I was very recently tasked with baking a tourtiere, a French-Canadian meat pie. (And by very recently, I mean like, it’s in the oven as I am typing.) It’s been 20 years since I’ve tasted meat and cooking it always involves a lesson in trust. Because it’s been so long since I’ve eaten meat, I’ve learned to rely on my sense of smell to be a judge of how things should taste.
Enter R, my partner, who grew up in French-Canadian Montreal with a Lebanese grandmother. His memories of food are steeped in the smells and tastes of food that predates recipes – the kind of recipes that are handed down with a list of ingredients with no measurements. Whose recipes include “Add sage, not too much. Taste until right.” When you don’t (or can’t) taste the food, this isn’t an easy ask.
These recipes call into fact that I’m a cooking contradiction. I dislike baking specifically because it doesn’t allow that moment of “this. is. perfect” without relying on measurements. But I dislike cooking without recipes when I can’t (won’t) taste the food because I’m relying on a sense that I haven’t fully committed to trusting. (Hello, nose.) What happens when I have a natural dislike of baking for its scientific precision but also dislike having a list of ingredients which need to be combined in a specific manner or order with no guidance?
So, back to the tourtiere. How is it that things like this can be an uncomfortable experience that I think I secretly adore?

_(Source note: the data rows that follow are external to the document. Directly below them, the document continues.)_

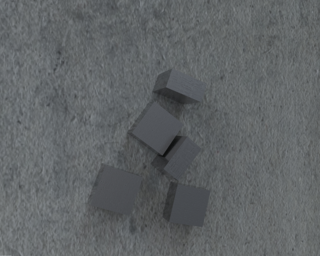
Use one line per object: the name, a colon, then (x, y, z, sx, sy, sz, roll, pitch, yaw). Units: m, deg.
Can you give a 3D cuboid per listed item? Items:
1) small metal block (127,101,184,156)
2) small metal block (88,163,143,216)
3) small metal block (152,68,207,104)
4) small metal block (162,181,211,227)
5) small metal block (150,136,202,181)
small metal block: (-0.006, 0.001, 0.408, 0.050, 0.025, 0.050, 38, 78, -17)
small metal block: (-0.056, 0.077, 0.389, 0.050, 0.025, 0.050, 22, 83, -19)
small metal block: (0.025, -0.053, 0.406, 0.050, 0.050, 0.025, 20, 83, -19)
small metal block: (0.036, 0.104, 0.424, 0.050, 0.025, 0.050, 15, 85, -20)
small metal block: (0.020, 0.037, 0.404, 0.025, 0.050, 0.050, 41, 77, -16)
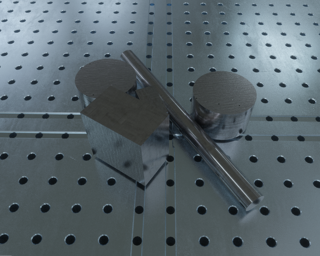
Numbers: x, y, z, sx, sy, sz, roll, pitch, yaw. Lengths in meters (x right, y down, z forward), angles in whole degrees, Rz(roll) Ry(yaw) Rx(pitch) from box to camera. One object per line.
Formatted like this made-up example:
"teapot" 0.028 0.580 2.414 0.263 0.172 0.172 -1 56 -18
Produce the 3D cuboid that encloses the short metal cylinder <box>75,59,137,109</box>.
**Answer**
"short metal cylinder" -0.072 -0.051 0.429 0.081 0.050 0.080 0 50 0

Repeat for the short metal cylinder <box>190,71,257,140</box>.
"short metal cylinder" 0.082 -0.031 0.413 0.081 0.050 0.080 0 50 0

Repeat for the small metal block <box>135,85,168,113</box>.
"small metal block" -0.011 -0.018 0.401 0.025 0.050 0.050 -17 52 -13

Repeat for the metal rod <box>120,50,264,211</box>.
"metal rod" 0.025 -0.017 0.417 0.025 0.025 0.300 -25 55 -20

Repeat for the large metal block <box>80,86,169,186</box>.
"large metal block" -0.037 0.010 0.358 0.080 0.080 0.050 27 56 21
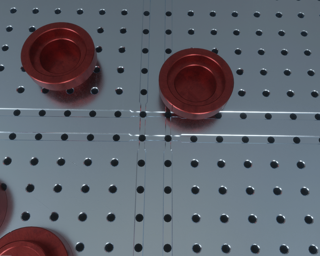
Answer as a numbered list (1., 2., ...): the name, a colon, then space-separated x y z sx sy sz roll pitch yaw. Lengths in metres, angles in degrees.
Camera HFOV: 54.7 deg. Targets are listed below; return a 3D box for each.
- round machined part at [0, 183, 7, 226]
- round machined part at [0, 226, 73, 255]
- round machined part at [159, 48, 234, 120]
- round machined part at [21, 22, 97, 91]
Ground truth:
1. round machined part: -0.240 0.095 0.365 0.099 0.042 0.098 0 70 -1
2. round machined part: -0.150 0.160 0.342 0.099 0.042 0.098 0 70 -1
3. round machined part: 0.047 -0.056 0.424 0.099 0.042 0.098 0 70 -1
4. round machined part: -0.138 -0.096 0.436 0.099 0.042 0.098 0 70 -1
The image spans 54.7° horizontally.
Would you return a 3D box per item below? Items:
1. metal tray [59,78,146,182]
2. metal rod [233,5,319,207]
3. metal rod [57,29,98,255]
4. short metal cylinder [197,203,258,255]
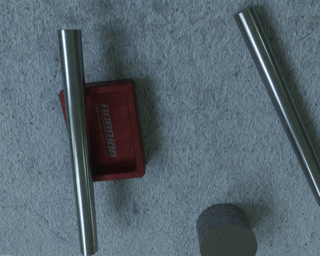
[{"bbox_3d":[-0.071,0.005,0.408,0.091,0.030,0.129,-6,110,2],"label":"metal tray"},{"bbox_3d":[0.170,-0.014,0.405,0.025,0.025,0.299,-28,108,10],"label":"metal rod"},{"bbox_3d":[-0.099,0.033,0.388,0.025,0.025,0.298,0,110,0],"label":"metal rod"},{"bbox_3d":[0.096,0.160,0.456,0.081,0.050,0.079,0,110,0],"label":"short metal cylinder"}]
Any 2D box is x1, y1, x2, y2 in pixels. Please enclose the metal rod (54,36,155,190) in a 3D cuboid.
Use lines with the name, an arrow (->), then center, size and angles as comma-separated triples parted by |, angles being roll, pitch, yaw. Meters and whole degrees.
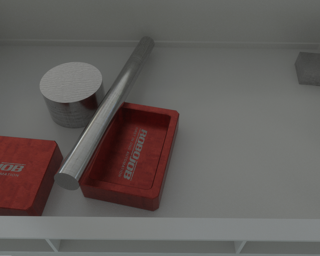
metal rod -> -0.054, -0.045, 0.402 | 0.025, 0.025, 0.301 | 10, 42, 8

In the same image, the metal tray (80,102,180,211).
metal tray -> -0.032, 0.028, 0.377 | 0.090, 0.030, 0.130 | 10, 51, 8

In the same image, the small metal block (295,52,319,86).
small metal block -> 0.245, -0.092, 0.486 | 0.050, 0.025, 0.050 | 6, 50, 5

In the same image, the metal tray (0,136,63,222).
metal tray -> -0.190, 0.053, 0.355 | 0.131, 0.030, 0.090 | 5, 50, 3

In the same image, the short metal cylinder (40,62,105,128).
short metal cylinder -> -0.117, -0.046, 0.426 | 0.081, 0.050, 0.080 | 0, 50, 0
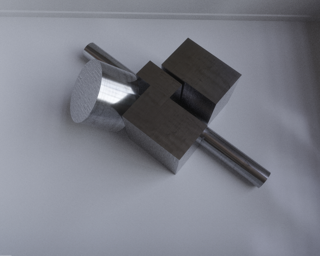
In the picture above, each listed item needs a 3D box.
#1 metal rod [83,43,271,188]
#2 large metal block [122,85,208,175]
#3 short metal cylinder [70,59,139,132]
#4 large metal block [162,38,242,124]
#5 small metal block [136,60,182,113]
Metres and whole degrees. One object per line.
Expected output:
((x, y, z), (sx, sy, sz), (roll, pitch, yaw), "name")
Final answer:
((0.014, -0.024, 0.418), (0.300, 0.025, 0.025), (37, 74, 12), "metal rod")
((0.005, 0.005, 0.378), (0.080, 0.080, 0.050), (37, 74, 12), "large metal block")
((-0.070, -0.039, 0.386), (0.050, 0.080, 0.080), (17, 65, -37), "short metal cylinder")
((0.049, -0.055, 0.401), (0.080, 0.080, 0.050), (38, 74, 12), "large metal block")
((-0.001, -0.049, 0.388), (0.050, 0.050, 0.025), (39, 75, 12), "small metal block")
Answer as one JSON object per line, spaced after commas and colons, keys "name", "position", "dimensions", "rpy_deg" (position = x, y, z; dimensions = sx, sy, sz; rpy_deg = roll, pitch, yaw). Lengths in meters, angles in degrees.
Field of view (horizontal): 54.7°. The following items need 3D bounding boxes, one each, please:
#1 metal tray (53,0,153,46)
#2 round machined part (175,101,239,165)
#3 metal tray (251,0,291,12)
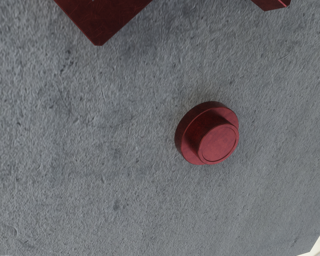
{"name": "metal tray", "position": [-0.042, -0.153, 0.287], "dimensions": [0.130, 0.030, 0.090], "rpy_deg": [-42, 130, 0]}
{"name": "round machined part", "position": [0.074, 0.014, 0.447], "dimensions": [0.099, 0.042, 0.097], "rpy_deg": [-14, 125, -21]}
{"name": "metal tray", "position": [0.097, -0.193, 0.318], "dimensions": [0.131, 0.030, 0.090], "rpy_deg": [18, 87, -36]}
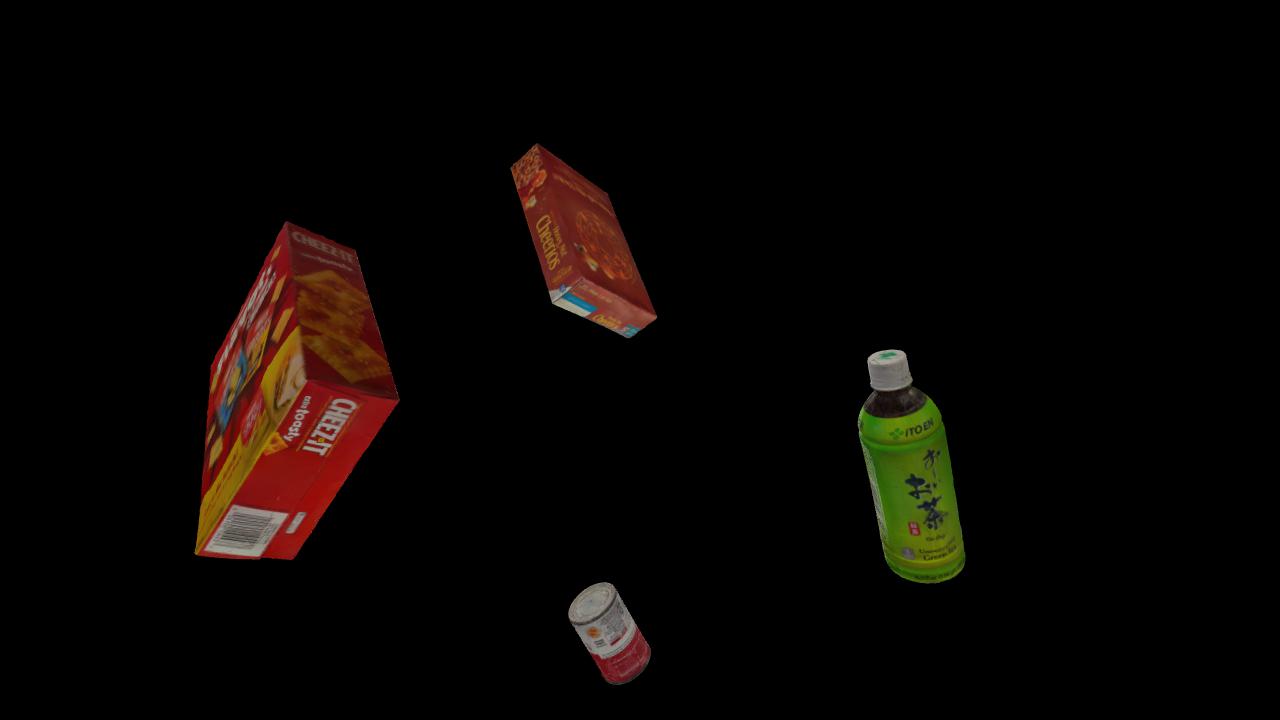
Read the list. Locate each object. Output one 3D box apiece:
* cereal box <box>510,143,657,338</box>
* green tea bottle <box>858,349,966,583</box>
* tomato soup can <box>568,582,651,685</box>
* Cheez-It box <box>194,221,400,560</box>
[{"bbox_3d":[-0.097,-0.200,1.052,0.081,0.306,0.203,-33,-30,24],"label":"cereal box"},{"bbox_3d":[0.232,0.092,0.537,0.073,0.212,0.073,-18,19,6],"label":"green tea bottle"},{"bbox_3d":[-0.038,0.336,0.758,0.068,0.101,0.068,-25,16,7],"label":"tomato soup can"},{"bbox_3d":[-0.277,0.016,0.486,0.071,0.166,0.223,23,21,-43],"label":"Cheez-It box"}]
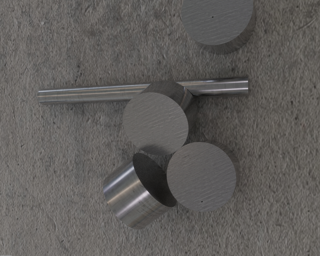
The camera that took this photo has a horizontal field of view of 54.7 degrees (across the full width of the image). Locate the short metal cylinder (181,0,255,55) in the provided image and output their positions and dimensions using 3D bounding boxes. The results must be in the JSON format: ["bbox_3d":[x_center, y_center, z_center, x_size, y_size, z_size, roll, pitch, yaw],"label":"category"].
[{"bbox_3d":[0.071,-0.133,0.371,0.080,0.050,0.080,0,90,20],"label":"short metal cylinder"}]

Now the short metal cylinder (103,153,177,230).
[{"bbox_3d":[-0.024,0.078,0.388,0.050,0.080,0.080,-40,78,16],"label":"short metal cylinder"}]

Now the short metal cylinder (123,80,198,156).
[{"bbox_3d":[0.002,-0.013,0.380,0.080,0.050,0.079,8,116,16],"label":"short metal cylinder"}]

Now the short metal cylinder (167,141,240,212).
[{"bbox_3d":[0.054,0.056,0.377,0.080,0.050,0.080,0,90,20],"label":"short metal cylinder"}]

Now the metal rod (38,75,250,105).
[{"bbox_3d":[-0.035,-0.049,0.421,0.301,0.025,0.025,-1,90,19],"label":"metal rod"}]
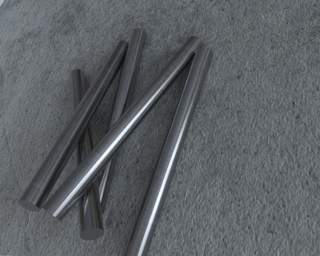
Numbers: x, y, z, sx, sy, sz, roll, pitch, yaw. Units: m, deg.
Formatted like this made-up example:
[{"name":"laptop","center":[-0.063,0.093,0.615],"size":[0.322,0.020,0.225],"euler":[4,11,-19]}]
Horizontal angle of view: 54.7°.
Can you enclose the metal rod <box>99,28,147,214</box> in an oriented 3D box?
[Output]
[{"name":"metal rod","center":[-0.058,-0.027,0.451],"size":[0.025,0.025,0.300],"euler":[-4,60,26]}]

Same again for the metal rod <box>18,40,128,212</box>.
[{"name":"metal rod","center":[-0.101,-0.026,0.428],"size":[0.025,0.025,0.300],"euler":[-3,46,27]}]

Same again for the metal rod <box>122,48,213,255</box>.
[{"name":"metal rod","center":[0.014,0.027,0.380],"size":[0.025,0.025,0.300],"euler":[7,65,31]}]

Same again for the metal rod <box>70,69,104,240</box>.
[{"name":"metal rod","center":[-0.107,0.011,0.431],"size":[0.025,0.025,0.300],"euler":[-29,45,10]}]

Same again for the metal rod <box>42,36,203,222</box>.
[{"name":"metal rod","center":[-0.031,-0.016,0.390],"size":[0.025,0.025,0.301],"euler":[18,59,35]}]
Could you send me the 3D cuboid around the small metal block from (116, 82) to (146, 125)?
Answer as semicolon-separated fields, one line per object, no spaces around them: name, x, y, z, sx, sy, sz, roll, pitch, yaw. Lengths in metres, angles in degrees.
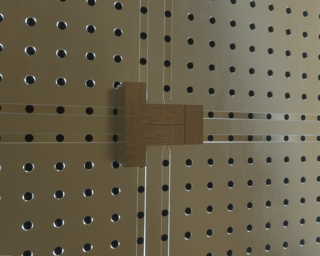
small metal block;-0.037;-0.029;0.386;0.025;0.050;0.050;0;90;-20

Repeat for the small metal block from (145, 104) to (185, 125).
small metal block;-0.001;-0.017;0.399;0.050;0.050;0.025;0;90;-20

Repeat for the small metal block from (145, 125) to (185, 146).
small metal block;-0.001;0.008;0.399;0.050;0.050;0.025;0;90;-20

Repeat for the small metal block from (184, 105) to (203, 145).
small metal block;0.035;-0.004;0.412;0.025;0.050;0.050;0;90;-20

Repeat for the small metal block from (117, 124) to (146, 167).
small metal block;-0.037;0.021;0.386;0.025;0.050;0.050;0;90;-20
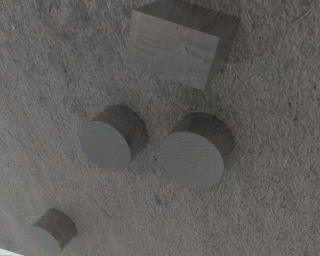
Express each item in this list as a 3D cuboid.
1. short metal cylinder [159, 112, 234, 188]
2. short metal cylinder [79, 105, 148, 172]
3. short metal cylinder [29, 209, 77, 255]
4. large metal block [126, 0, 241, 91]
[{"bbox_3d":[0.046,0.027,0.383,0.080,0.050,0.079,13,124,21],"label":"short metal cylinder"},{"bbox_3d":[-0.064,0.014,0.433,0.080,0.050,0.079,13,124,21],"label":"short metal cylinder"},{"bbox_3d":[-0.221,0.215,0.640,0.080,0.050,0.079,13,124,21],"label":"short metal cylinder"},{"bbox_3d":[0.025,-0.087,0.305,0.080,0.080,0.050,23,127,14],"label":"large metal block"}]
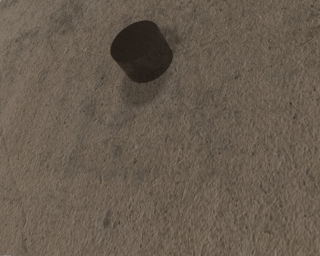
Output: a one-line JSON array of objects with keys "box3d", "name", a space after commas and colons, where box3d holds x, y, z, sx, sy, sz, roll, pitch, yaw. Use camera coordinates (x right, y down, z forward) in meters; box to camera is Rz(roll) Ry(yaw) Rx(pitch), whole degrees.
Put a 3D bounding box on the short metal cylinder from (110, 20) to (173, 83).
[{"box3d": [-0.027, -0.116, 0.472, 0.080, 0.050, 0.080, -13, 56, 20], "name": "short metal cylinder"}]
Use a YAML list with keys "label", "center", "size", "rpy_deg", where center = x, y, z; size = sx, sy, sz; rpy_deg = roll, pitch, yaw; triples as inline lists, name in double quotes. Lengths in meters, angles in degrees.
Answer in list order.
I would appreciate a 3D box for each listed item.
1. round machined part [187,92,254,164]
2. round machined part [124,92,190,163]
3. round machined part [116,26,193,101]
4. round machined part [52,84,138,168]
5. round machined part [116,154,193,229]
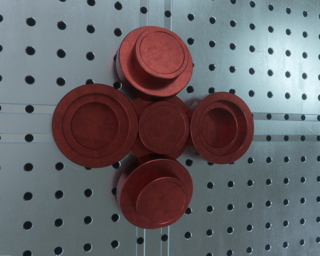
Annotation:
- label: "round machined part"
  center: [0.078, 0.000, 0.433]
  size: [0.099, 0.042, 0.097]
  rpy_deg: [0, 90, -21]
- label: "round machined part"
  center: [-0.001, -0.001, 0.403]
  size: [0.099, 0.042, 0.097]
  rpy_deg: [0, 90, -21]
- label: "round machined part"
  center: [-0.003, -0.086, 0.391]
  size: [0.099, 0.042, 0.098]
  rpy_deg: [5, 74, -17]
- label: "round machined part"
  center: [-0.079, -0.003, 0.374]
  size: [0.099, 0.042, 0.097]
  rpy_deg: [0, 90, -21]
- label: "round machined part"
  center: [-0.002, 0.085, 0.391]
  size: [0.099, 0.042, 0.097]
  rpy_deg: [-6, 107, -19]

I do dislike not having a set recipe or expectation or taste I’m aiming for. Google tourtiere and you’ll find hundreds of recipes, all with their own spices, their own recipes, their own secrets. What is a girl to do with no information other than “Need. tourtiere.” ???
In general, I try to look at multiple recipes and look for the common denominators. I read through recipes, find general processes and form a plan from there. And you know what else? I use my gut, that beautiful piece of equipment that hasn’t tasted or digested a piece of meat since 1997. I start, I improvise. I have that “Oh, shit” moment and I move on.
And that is what I love about cooking. I think recipes like the tourtiere aren’t about precision. They are entropic moments of ecstasy that randomly bring back memories of Christmas when you were 10. They are about the smells and tastes of times you can’t bring back, except for those tastes and smells of food you remember from times past. It’s the smell of coffee Christmas morning, the crispness of the crust breaking from the meat pie fresh from the oven. It’s the bite of sage in your grandma’s stuffing. It’s the smell of that simmering mixture of beef, pork and cinnamon on the stovetop and remembering that at that moment, you were blissfully happy. It’s that realization that life is remembered with smells and those tiny details you always think will be taken for granted.
So, ask me to make your meat pies, your poutine, your grandma’s stuffing. I’ll both be secretly scared-to-death but in love with trying to capture that moment when you remember that life was good. Xo.